:: Exercise goal ::
What you print should match the entries exactly, only without the pictures.

:: Task inputs ::
□ □ □

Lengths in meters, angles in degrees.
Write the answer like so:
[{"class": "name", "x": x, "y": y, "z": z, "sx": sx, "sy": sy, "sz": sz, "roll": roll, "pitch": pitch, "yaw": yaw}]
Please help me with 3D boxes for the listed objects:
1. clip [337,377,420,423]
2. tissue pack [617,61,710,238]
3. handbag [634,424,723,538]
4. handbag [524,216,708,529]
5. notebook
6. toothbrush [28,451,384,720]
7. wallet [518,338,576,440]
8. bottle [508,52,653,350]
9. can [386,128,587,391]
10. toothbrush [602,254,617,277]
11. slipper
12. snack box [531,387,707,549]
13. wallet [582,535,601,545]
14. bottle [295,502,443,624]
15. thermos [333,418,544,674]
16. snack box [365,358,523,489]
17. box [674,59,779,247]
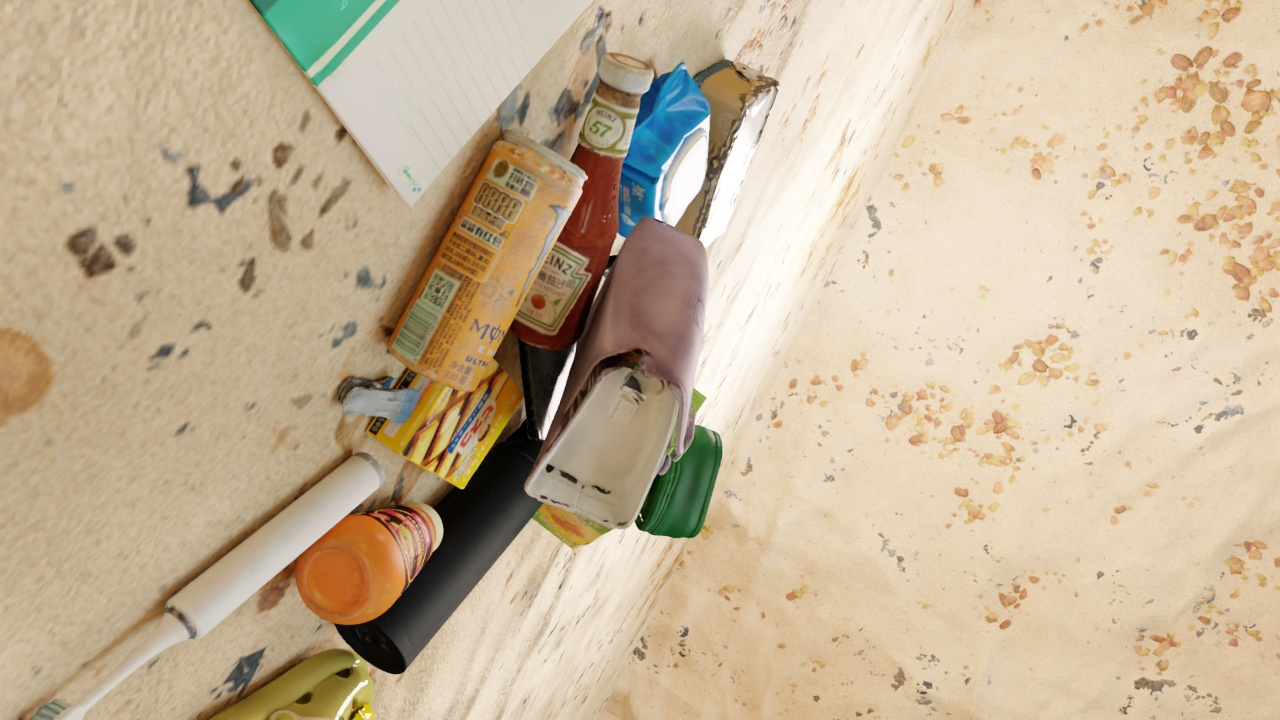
[{"class": "clip", "x": -0.156, "y": 0.022, "z": 0.537, "sx": 0.027, "sy": 0.045, "sz": 0.058, "roll": -59, "pitch": 158, "yaw": 5}, {"class": "tissue pack", "x": 0.016, "y": -0.155, "z": 0.727, "sx": 0.094, "sy": 0.052, "sz": 0.157, "roll": -57, "pitch": 166, "yaw": -16}, {"class": "handbag", "x": 0.034, "y": 0.132, "z": 1.041, "sx": 0.120, "sy": 0.068, "sz": 0.131, "roll": -172, "pitch": -84, "yaw": -70}, {"class": "handbag", "x": -0.004, "y": 0.004, "z": 0.677, "sx": 0.196, "sy": 0.098, "sz": 0.145, "roll": -77, "pitch": -173, "yaw": -54}, {"class": "notebook", "x": -0.065, "y": -0.183, "z": 0.406, "sx": 0.209, "sy": 0.012, "sz": 0.150, "roll": -52, "pitch": 162, "yaw": -10}, {"class": "toothbrush", "x": -0.220, "y": 0.119, "z": 0.488, "sx": 0.220, "sy": 0.026, "sz": 0.027, "roll": -46, "pitch": 149, "yaw": -48}, {"class": "wallet", "x": -0.071, "y": 0.014, "z": 0.742, "sx": 0.120, "sy": 0.019, "sz": 0.097, "roll": 8, "pitch": 75, "yaw": -76}, {"class": "bottle", "x": -0.040, "y": -0.103, "z": 0.621, "sx": 0.059, "sy": 0.060, "sz": 0.206, "roll": -39, "pitch": 155, "yaw": -57}, {"class": "can", "x": -0.089, "y": -0.056, "z": 0.533, "sx": 0.146, "sy": 0.058, "sz": 0.058, "roll": -61, "pitch": 167, "yaw": 3}, {"class": "toothbrush", "x": 0.004, "y": -0.106, "z": 0.875, "sx": 0.189, "sy": 0.014, "sz": 0.016, "roll": -38, "pitch": 155, "yaw": -60}, {"class": "slipper", "x": -0.238, "y": 0.267, "z": 0.620, "sx": 0.092, "sy": 0.081, "sz": 0.190, "roll": -60, "pitch": 165, "yaw": 9}, {"class": "snack box", "x": -0.031, "y": 0.102, "z": 0.941, "sx": 0.157, "sy": 0.070, "sz": 0.210, "roll": -54, "pitch": -176, "yaw": -24}, {"class": "wallet", "x": -0.037, "y": 0.153, "z": 1.062, "sx": 0.087, "sy": 0.024, "sz": 0.115, "roll": -35, "pitch": -153, "yaw": 16}, {"class": "bottle", "x": -0.172, "y": 0.127, "z": 0.621, "sx": 0.067, "sy": 0.067, "sz": 0.149, "roll": -62, "pitch": 174, "yaw": 8}, {"class": "thermos", "x": -0.129, "y": 0.136, "z": 0.734, "sx": 0.241, "sy": 0.090, "sz": 0.068, "roll": -48, "pitch": 130, "yaw": -42}, {"class": "snack box", "x": -0.130, "y": 0.036, "z": 0.637, "sx": 0.086, "sy": 0.034, "sz": 0.140, "roll": -57, "pitch": 168, "yaw": -11}, {"class": "box", "x": 0.062, "y": -0.178, "z": 0.847, "sx": 0.089, "sy": 0.060, "sz": 0.185, "roll": -43, "pitch": 160, "yaw": -51}]

□ □ □

:: Problem solution ::
Lengths in meters, angles in degrees.
Write the answer like so:
[{"class": "name", "x": x, "y": y, "z": z, "sx": sx, "sy": sy, "sz": sz, "roll": roll, "pitch": pitch, "yaw": yaw}]
Please help me with 3D boxes for the listed objects:
1. clip [337,377,420,423]
2. tissue pack [617,61,710,238]
3. handbag [634,424,723,538]
4. handbag [524,216,708,529]
5. notebook
6. toothbrush [28,451,384,720]
7. wallet [518,338,576,440]
8. bottle [508,52,653,350]
9. can [386,128,587,391]
10. toothbrush [602,254,617,277]
11. slipper
12. snack box [531,387,707,549]
13. wallet [582,535,601,545]
14. bottle [295,502,443,624]
15. thermos [333,418,544,674]
16. snack box [365,358,523,489]
17. box [674,59,779,247]
[{"class": "clip", "x": -0.156, "y": 0.022, "z": 0.537, "sx": 0.027, "sy": 0.045, "sz": 0.058, "roll": -59, "pitch": 158, "yaw": 5}, {"class": "tissue pack", "x": 0.016, "y": -0.155, "z": 0.727, "sx": 0.094, "sy": 0.052, "sz": 0.157, "roll": -57, "pitch": 166, "yaw": -16}, {"class": "handbag", "x": 0.034, "y": 0.132, "z": 1.041, "sx": 0.120, "sy": 0.068, "sz": 0.131, "roll": -172, "pitch": -84, "yaw": -70}, {"class": "handbag", "x": -0.004, "y": 0.004, "z": 0.677, "sx": 0.196, "sy": 0.098, "sz": 0.145, "roll": -77, "pitch": -173, "yaw": -54}, {"class": "notebook", "x": -0.065, "y": -0.183, "z": 0.406, "sx": 0.209, "sy": 0.012, "sz": 0.150, "roll": -52, "pitch": 162, "yaw": -10}, {"class": "toothbrush", "x": -0.220, "y": 0.119, "z": 0.488, "sx": 0.220, "sy": 0.026, "sz": 0.027, "roll": -46, "pitch": 149, "yaw": -48}, {"class": "wallet", "x": -0.071, "y": 0.014, "z": 0.742, "sx": 0.120, "sy": 0.019, "sz": 0.097, "roll": 8, "pitch": 75, "yaw": -76}, {"class": "bottle", "x": -0.040, "y": -0.103, "z": 0.621, "sx": 0.059, "sy": 0.060, "sz": 0.206, "roll": -39, "pitch": 155, "yaw": -57}, {"class": "can", "x": -0.089, "y": -0.056, "z": 0.533, "sx": 0.146, "sy": 0.058, "sz": 0.058, "roll": -61, "pitch": 167, "yaw": 3}, {"class": "toothbrush", "x": 0.004, "y": -0.106, "z": 0.875, "sx": 0.189, "sy": 0.014, "sz": 0.016, "roll": -38, "pitch": 155, "yaw": -60}, {"class": "slipper", "x": -0.238, "y": 0.267, "z": 0.620, "sx": 0.092, "sy": 0.081, "sz": 0.190, "roll": -60, "pitch": 165, "yaw": 9}, {"class": "snack box", "x": -0.031, "y": 0.102, "z": 0.941, "sx": 0.157, "sy": 0.070, "sz": 0.210, "roll": -54, "pitch": -176, "yaw": -24}, {"class": "wallet", "x": -0.037, "y": 0.153, "z": 1.062, "sx": 0.087, "sy": 0.024, "sz": 0.115, "roll": -35, "pitch": -153, "yaw": 16}, {"class": "bottle", "x": -0.172, "y": 0.127, "z": 0.621, "sx": 0.067, "sy": 0.067, "sz": 0.149, "roll": -62, "pitch": 174, "yaw": 8}, {"class": "thermos", "x": -0.129, "y": 0.136, "z": 0.734, "sx": 0.241, "sy": 0.090, "sz": 0.068, "roll": -48, "pitch": 130, "yaw": -42}, {"class": "snack box", "x": -0.130, "y": 0.036, "z": 0.637, "sx": 0.086, "sy": 0.034, "sz": 0.140, "roll": -57, "pitch": 168, "yaw": -11}, {"class": "box", "x": 0.062, "y": -0.178, "z": 0.847, "sx": 0.089, "sy": 0.060, "sz": 0.185, "roll": -43, "pitch": 160, "yaw": -51}]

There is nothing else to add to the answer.